» EXTRACTED DATA
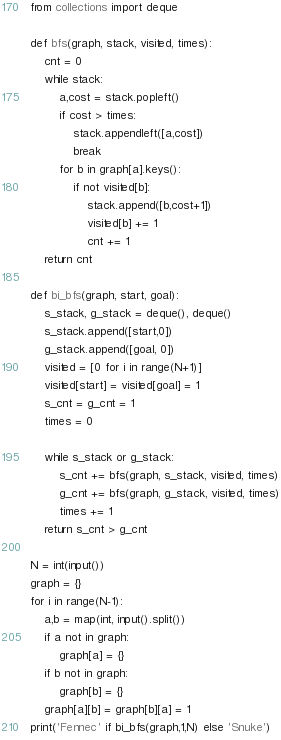<code> <loc_0><loc_0><loc_500><loc_500><_Python_>from collections import deque

def bfs(graph, stack, visited, times):
    cnt = 0
    while stack:
        a,cost = stack.popleft()
        if cost > times:
            stack.appendleft([a,cost])
            break
        for b in graph[a].keys():
            if not visited[b]:
                stack.append([b,cost+1])
                visited[b] += 1 
                cnt += 1
    return cnt

def bi_bfs(graph, start, goal):
    s_stack, g_stack = deque(), deque()
    s_stack.append([start,0])
    g_stack.append([goal, 0])
    visited = [0 for i in range(N+1)]
    visited[start] = visited[goal] = 1 
    s_cnt = g_cnt = 1
    times = 0

    while s_stack or g_stack:
        s_cnt += bfs(graph, s_stack, visited, times)
        g_cnt += bfs(graph, g_stack, visited, times)
        times += 1
    return s_cnt > g_cnt

N = int(input())
graph = {}
for i in range(N-1):
    a,b = map(int, input().split())
    if a not in graph:
        graph[a] = {}
    if b not in graph:
        graph[b] = {}
    graph[a][b] = graph[b][a] = 1
print('Fennec' if bi_bfs(graph,1,N) else 'Snuke')
</code> 
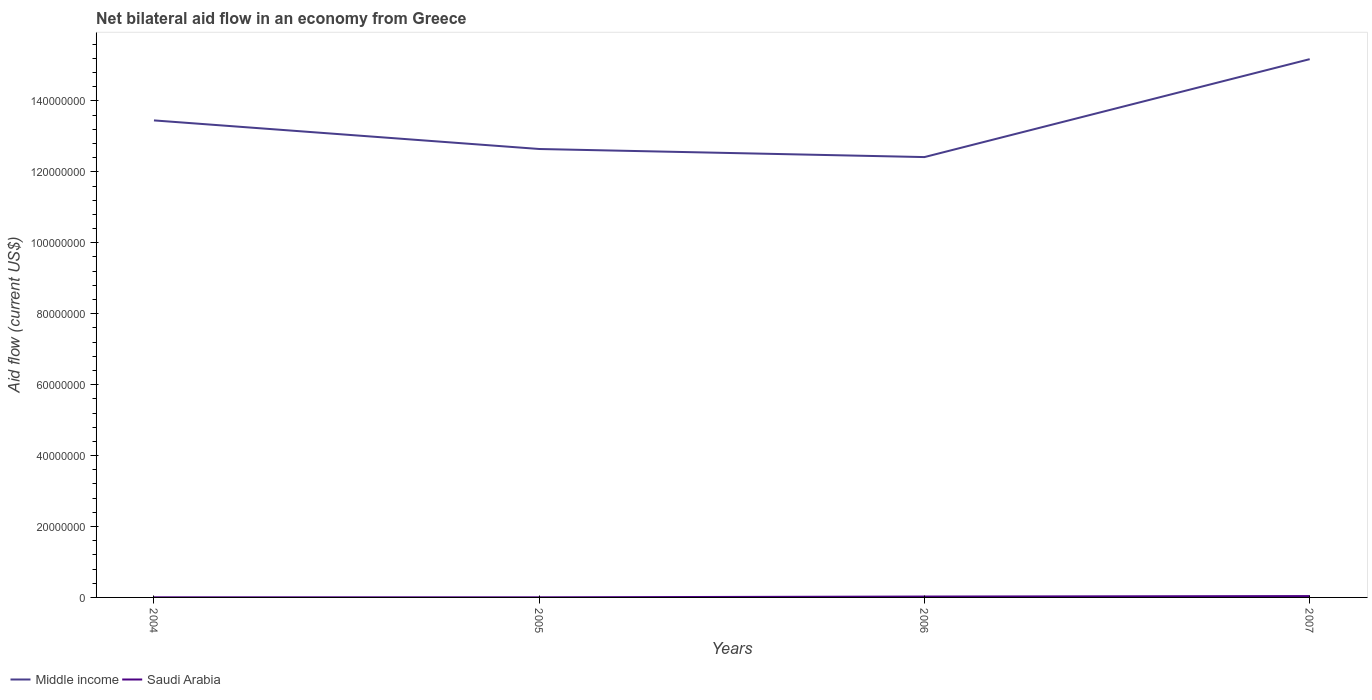How many different coloured lines are there?
Provide a succinct answer. 2. Does the line corresponding to Saudi Arabia intersect with the line corresponding to Middle income?
Your answer should be very brief. No. Across all years, what is the maximum net bilateral aid flow in Middle income?
Your answer should be compact. 1.24e+08. What is the total net bilateral aid flow in Middle income in the graph?
Your response must be concise. 2.28e+06. What is the difference between the highest and the second highest net bilateral aid flow in Middle income?
Make the answer very short. 2.76e+07. What is the difference between the highest and the lowest net bilateral aid flow in Middle income?
Your answer should be very brief. 2. Does the graph contain grids?
Give a very brief answer. No. Where does the legend appear in the graph?
Provide a short and direct response. Bottom left. How many legend labels are there?
Offer a terse response. 2. How are the legend labels stacked?
Offer a very short reply. Horizontal. What is the title of the graph?
Offer a terse response. Net bilateral aid flow in an economy from Greece. Does "Montenegro" appear as one of the legend labels in the graph?
Provide a short and direct response. No. What is the Aid flow (current US$) of Middle income in 2004?
Provide a short and direct response. 1.34e+08. What is the Aid flow (current US$) in Middle income in 2005?
Your response must be concise. 1.26e+08. What is the Aid flow (current US$) in Middle income in 2006?
Keep it short and to the point. 1.24e+08. What is the Aid flow (current US$) in Saudi Arabia in 2006?
Offer a very short reply. 2.50e+05. What is the Aid flow (current US$) of Middle income in 2007?
Provide a short and direct response. 1.52e+08. Across all years, what is the maximum Aid flow (current US$) of Middle income?
Offer a very short reply. 1.52e+08. Across all years, what is the maximum Aid flow (current US$) of Saudi Arabia?
Your answer should be compact. 3.80e+05. Across all years, what is the minimum Aid flow (current US$) of Middle income?
Make the answer very short. 1.24e+08. What is the total Aid flow (current US$) in Middle income in the graph?
Your response must be concise. 5.37e+08. What is the total Aid flow (current US$) in Saudi Arabia in the graph?
Offer a very short reply. 6.90e+05. What is the difference between the Aid flow (current US$) of Middle income in 2004 and that in 2005?
Provide a succinct answer. 8.06e+06. What is the difference between the Aid flow (current US$) in Saudi Arabia in 2004 and that in 2005?
Make the answer very short. 0. What is the difference between the Aid flow (current US$) of Middle income in 2004 and that in 2006?
Give a very brief answer. 1.03e+07. What is the difference between the Aid flow (current US$) in Middle income in 2004 and that in 2007?
Your answer should be compact. -1.73e+07. What is the difference between the Aid flow (current US$) in Saudi Arabia in 2004 and that in 2007?
Your answer should be very brief. -3.50e+05. What is the difference between the Aid flow (current US$) in Middle income in 2005 and that in 2006?
Keep it short and to the point. 2.28e+06. What is the difference between the Aid flow (current US$) of Saudi Arabia in 2005 and that in 2006?
Make the answer very short. -2.20e+05. What is the difference between the Aid flow (current US$) in Middle income in 2005 and that in 2007?
Offer a very short reply. -2.53e+07. What is the difference between the Aid flow (current US$) in Saudi Arabia in 2005 and that in 2007?
Ensure brevity in your answer.  -3.50e+05. What is the difference between the Aid flow (current US$) in Middle income in 2006 and that in 2007?
Provide a short and direct response. -2.76e+07. What is the difference between the Aid flow (current US$) in Middle income in 2004 and the Aid flow (current US$) in Saudi Arabia in 2005?
Your response must be concise. 1.34e+08. What is the difference between the Aid flow (current US$) in Middle income in 2004 and the Aid flow (current US$) in Saudi Arabia in 2006?
Keep it short and to the point. 1.34e+08. What is the difference between the Aid flow (current US$) in Middle income in 2004 and the Aid flow (current US$) in Saudi Arabia in 2007?
Your response must be concise. 1.34e+08. What is the difference between the Aid flow (current US$) of Middle income in 2005 and the Aid flow (current US$) of Saudi Arabia in 2006?
Your answer should be very brief. 1.26e+08. What is the difference between the Aid flow (current US$) of Middle income in 2005 and the Aid flow (current US$) of Saudi Arabia in 2007?
Your answer should be compact. 1.26e+08. What is the difference between the Aid flow (current US$) of Middle income in 2006 and the Aid flow (current US$) of Saudi Arabia in 2007?
Your response must be concise. 1.24e+08. What is the average Aid flow (current US$) in Middle income per year?
Provide a succinct answer. 1.34e+08. What is the average Aid flow (current US$) in Saudi Arabia per year?
Offer a very short reply. 1.72e+05. In the year 2004, what is the difference between the Aid flow (current US$) in Middle income and Aid flow (current US$) in Saudi Arabia?
Keep it short and to the point. 1.34e+08. In the year 2005, what is the difference between the Aid flow (current US$) in Middle income and Aid flow (current US$) in Saudi Arabia?
Your response must be concise. 1.26e+08. In the year 2006, what is the difference between the Aid flow (current US$) in Middle income and Aid flow (current US$) in Saudi Arabia?
Your answer should be compact. 1.24e+08. In the year 2007, what is the difference between the Aid flow (current US$) in Middle income and Aid flow (current US$) in Saudi Arabia?
Provide a short and direct response. 1.51e+08. What is the ratio of the Aid flow (current US$) in Middle income in 2004 to that in 2005?
Provide a short and direct response. 1.06. What is the ratio of the Aid flow (current US$) in Saudi Arabia in 2004 to that in 2005?
Make the answer very short. 1. What is the ratio of the Aid flow (current US$) of Middle income in 2004 to that in 2006?
Your answer should be compact. 1.08. What is the ratio of the Aid flow (current US$) of Saudi Arabia in 2004 to that in 2006?
Provide a short and direct response. 0.12. What is the ratio of the Aid flow (current US$) of Middle income in 2004 to that in 2007?
Your answer should be compact. 0.89. What is the ratio of the Aid flow (current US$) in Saudi Arabia in 2004 to that in 2007?
Give a very brief answer. 0.08. What is the ratio of the Aid flow (current US$) of Middle income in 2005 to that in 2006?
Provide a short and direct response. 1.02. What is the ratio of the Aid flow (current US$) of Saudi Arabia in 2005 to that in 2006?
Provide a succinct answer. 0.12. What is the ratio of the Aid flow (current US$) of Middle income in 2005 to that in 2007?
Keep it short and to the point. 0.83. What is the ratio of the Aid flow (current US$) in Saudi Arabia in 2005 to that in 2007?
Your answer should be compact. 0.08. What is the ratio of the Aid flow (current US$) in Middle income in 2006 to that in 2007?
Provide a short and direct response. 0.82. What is the ratio of the Aid flow (current US$) in Saudi Arabia in 2006 to that in 2007?
Offer a terse response. 0.66. What is the difference between the highest and the second highest Aid flow (current US$) in Middle income?
Make the answer very short. 1.73e+07. What is the difference between the highest and the second highest Aid flow (current US$) in Saudi Arabia?
Ensure brevity in your answer.  1.30e+05. What is the difference between the highest and the lowest Aid flow (current US$) in Middle income?
Offer a very short reply. 2.76e+07. What is the difference between the highest and the lowest Aid flow (current US$) in Saudi Arabia?
Your answer should be very brief. 3.50e+05.

» HOW TO COMPLETE THIS TASK
Leave out all pictures and output each line exactly, from the top of the records through the line that holds "Your response must be concise. 2.28e+06.".

» THE COMPLETED TASK
<code> <loc_0><loc_0><loc_500><loc_500><_Python_>from collections import deque

def bfs(graph, stack, visited, times):
    cnt = 0
    while stack:
        a,cost = stack.popleft()
        if cost > times:
            stack.appendleft([a,cost])
            break
        for b in graph[a].keys():
            if not visited[b]:
                stack.append([b,cost+1])
                visited[b] += 1 
                cnt += 1
    return cnt

def bi_bfs(graph, start, goal):
    s_stack, g_stack = deque(), deque()
    s_stack.append([start,0])
    g_stack.append([goal, 0])
    visited = [0 for i in range(N+1)]
    visited[start] = visited[goal] = 1 
    s_cnt = g_cnt = 1
    times = 0

    while s_stack or g_stack:
        s_cnt += bfs(graph, s_stack, visited, times)
        g_cnt += bfs(graph, g_stack, visited, times)
        times += 1
    return s_cnt > g_cnt

N = int(input())
graph = {}
for i in range(N-1):
    a,b = map(int, input().split())
    if a not in graph:
        graph[a] = {}
    if b not in graph:
        graph[b] = {}
    graph[a][b] = graph[b][a] = 1
print('Fennec' if bi_bfs(graph,1,N) else 'Snuke')
</code> 
How many different coloured lines are there?
Provide a succinct answer. 2. Does the line corresponding to Saudi Arabia intersect with the line corresponding to Middle income?
Your answer should be very brief. No. Across all years, what is the maximum net bilateral aid flow in Middle income?
Your answer should be compact. 1.24e+08. What is the total net bilateral aid flow in Middle income in the graph?
Your response must be concise. 2.28e+06. What is the difference between the highest and the second highest net bilateral aid flow in Middle income?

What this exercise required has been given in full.